- [PROBLEM STATEMENT]: Below are some records; output exactly the lines from the line with "table_header Het tarief" to the line with "table_header [850, 937, 1152, 1022]", both ends kept, and nothing more.

(Collected data entries)
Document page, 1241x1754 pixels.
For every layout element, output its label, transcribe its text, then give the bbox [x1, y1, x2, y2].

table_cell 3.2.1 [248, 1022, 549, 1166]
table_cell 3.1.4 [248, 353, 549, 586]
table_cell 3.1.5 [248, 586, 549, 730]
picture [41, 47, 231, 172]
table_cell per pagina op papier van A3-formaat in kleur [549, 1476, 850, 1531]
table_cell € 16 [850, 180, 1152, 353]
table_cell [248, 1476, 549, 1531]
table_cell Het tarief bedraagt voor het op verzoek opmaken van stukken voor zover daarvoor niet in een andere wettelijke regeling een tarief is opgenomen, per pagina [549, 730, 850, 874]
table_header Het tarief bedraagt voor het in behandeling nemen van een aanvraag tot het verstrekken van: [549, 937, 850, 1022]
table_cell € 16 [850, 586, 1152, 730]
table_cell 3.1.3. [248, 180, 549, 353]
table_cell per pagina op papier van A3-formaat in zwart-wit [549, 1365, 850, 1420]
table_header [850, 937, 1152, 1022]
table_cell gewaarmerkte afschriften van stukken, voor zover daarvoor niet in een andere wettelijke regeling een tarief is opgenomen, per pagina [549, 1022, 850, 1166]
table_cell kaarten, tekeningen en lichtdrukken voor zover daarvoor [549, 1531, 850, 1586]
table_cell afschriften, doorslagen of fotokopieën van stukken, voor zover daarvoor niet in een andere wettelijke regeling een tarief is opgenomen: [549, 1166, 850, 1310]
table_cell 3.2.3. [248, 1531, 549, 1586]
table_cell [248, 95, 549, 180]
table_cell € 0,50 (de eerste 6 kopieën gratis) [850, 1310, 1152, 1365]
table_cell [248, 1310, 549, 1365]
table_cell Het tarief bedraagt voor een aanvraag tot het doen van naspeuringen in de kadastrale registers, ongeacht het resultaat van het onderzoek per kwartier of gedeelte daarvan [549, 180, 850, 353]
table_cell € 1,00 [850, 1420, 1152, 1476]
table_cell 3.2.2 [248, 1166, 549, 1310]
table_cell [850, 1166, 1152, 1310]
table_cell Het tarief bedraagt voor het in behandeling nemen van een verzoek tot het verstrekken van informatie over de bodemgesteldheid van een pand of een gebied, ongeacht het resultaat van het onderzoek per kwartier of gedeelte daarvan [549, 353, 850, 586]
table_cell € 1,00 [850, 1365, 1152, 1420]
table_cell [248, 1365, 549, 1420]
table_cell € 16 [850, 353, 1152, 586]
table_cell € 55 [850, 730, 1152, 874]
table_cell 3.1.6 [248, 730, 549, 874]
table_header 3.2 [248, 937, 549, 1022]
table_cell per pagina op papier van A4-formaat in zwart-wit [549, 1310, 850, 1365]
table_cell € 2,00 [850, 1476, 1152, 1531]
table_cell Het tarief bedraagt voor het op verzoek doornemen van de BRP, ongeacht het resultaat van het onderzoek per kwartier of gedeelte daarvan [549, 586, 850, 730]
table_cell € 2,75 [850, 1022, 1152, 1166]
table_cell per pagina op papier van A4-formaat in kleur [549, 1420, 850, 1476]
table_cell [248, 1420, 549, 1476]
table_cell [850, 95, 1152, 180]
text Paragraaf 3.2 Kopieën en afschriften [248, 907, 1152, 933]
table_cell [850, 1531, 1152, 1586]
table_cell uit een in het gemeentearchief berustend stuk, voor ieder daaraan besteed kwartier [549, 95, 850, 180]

* * *

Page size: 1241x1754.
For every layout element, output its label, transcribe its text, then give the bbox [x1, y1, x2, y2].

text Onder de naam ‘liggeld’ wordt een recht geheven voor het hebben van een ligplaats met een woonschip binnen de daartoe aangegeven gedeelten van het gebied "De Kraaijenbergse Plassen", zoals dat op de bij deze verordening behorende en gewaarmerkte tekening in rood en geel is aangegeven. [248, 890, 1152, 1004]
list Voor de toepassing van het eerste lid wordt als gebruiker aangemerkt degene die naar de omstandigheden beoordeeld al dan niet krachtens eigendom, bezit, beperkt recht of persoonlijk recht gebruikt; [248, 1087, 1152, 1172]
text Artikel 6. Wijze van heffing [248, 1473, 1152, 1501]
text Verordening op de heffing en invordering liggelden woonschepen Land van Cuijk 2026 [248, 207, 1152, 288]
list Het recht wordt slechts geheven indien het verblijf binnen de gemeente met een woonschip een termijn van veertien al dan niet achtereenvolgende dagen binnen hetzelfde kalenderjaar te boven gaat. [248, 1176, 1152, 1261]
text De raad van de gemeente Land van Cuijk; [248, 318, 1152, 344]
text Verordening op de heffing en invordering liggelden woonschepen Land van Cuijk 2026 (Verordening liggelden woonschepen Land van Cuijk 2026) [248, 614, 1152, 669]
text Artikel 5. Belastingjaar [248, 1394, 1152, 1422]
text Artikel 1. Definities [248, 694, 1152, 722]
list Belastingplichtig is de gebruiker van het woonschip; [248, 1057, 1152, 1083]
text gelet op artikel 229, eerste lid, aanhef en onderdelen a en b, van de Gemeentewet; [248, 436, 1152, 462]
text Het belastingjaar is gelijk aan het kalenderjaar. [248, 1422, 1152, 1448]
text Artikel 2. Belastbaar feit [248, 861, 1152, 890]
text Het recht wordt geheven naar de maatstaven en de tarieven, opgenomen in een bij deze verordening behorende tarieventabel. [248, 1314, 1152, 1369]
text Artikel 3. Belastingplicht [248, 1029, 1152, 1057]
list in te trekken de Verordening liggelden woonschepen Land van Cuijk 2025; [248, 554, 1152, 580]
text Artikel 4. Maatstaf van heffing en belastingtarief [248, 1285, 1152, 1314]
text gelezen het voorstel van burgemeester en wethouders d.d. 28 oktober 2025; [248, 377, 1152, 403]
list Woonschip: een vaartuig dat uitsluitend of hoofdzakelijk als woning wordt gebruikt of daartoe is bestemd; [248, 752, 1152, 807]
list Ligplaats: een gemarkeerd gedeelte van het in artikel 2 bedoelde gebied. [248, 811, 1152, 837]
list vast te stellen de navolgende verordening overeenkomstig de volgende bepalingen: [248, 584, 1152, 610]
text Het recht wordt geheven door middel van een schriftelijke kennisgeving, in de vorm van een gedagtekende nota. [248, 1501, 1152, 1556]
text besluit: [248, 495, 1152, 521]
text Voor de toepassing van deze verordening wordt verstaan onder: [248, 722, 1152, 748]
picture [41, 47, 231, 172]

- [COMPLETED TASK]:
table_header Het tarief bedraagt voor het in behandeling nemen van een aanvraag tot het verstrekken van: [549, 937, 850, 1022]
table_cell € 16 [850, 586, 1152, 730]
table_cell 3.1.3. [248, 180, 549, 353]
table_cell per pagina op papier van A3-formaat in zwart-wit [549, 1365, 850, 1420]
table_header [850, 937, 1152, 1022]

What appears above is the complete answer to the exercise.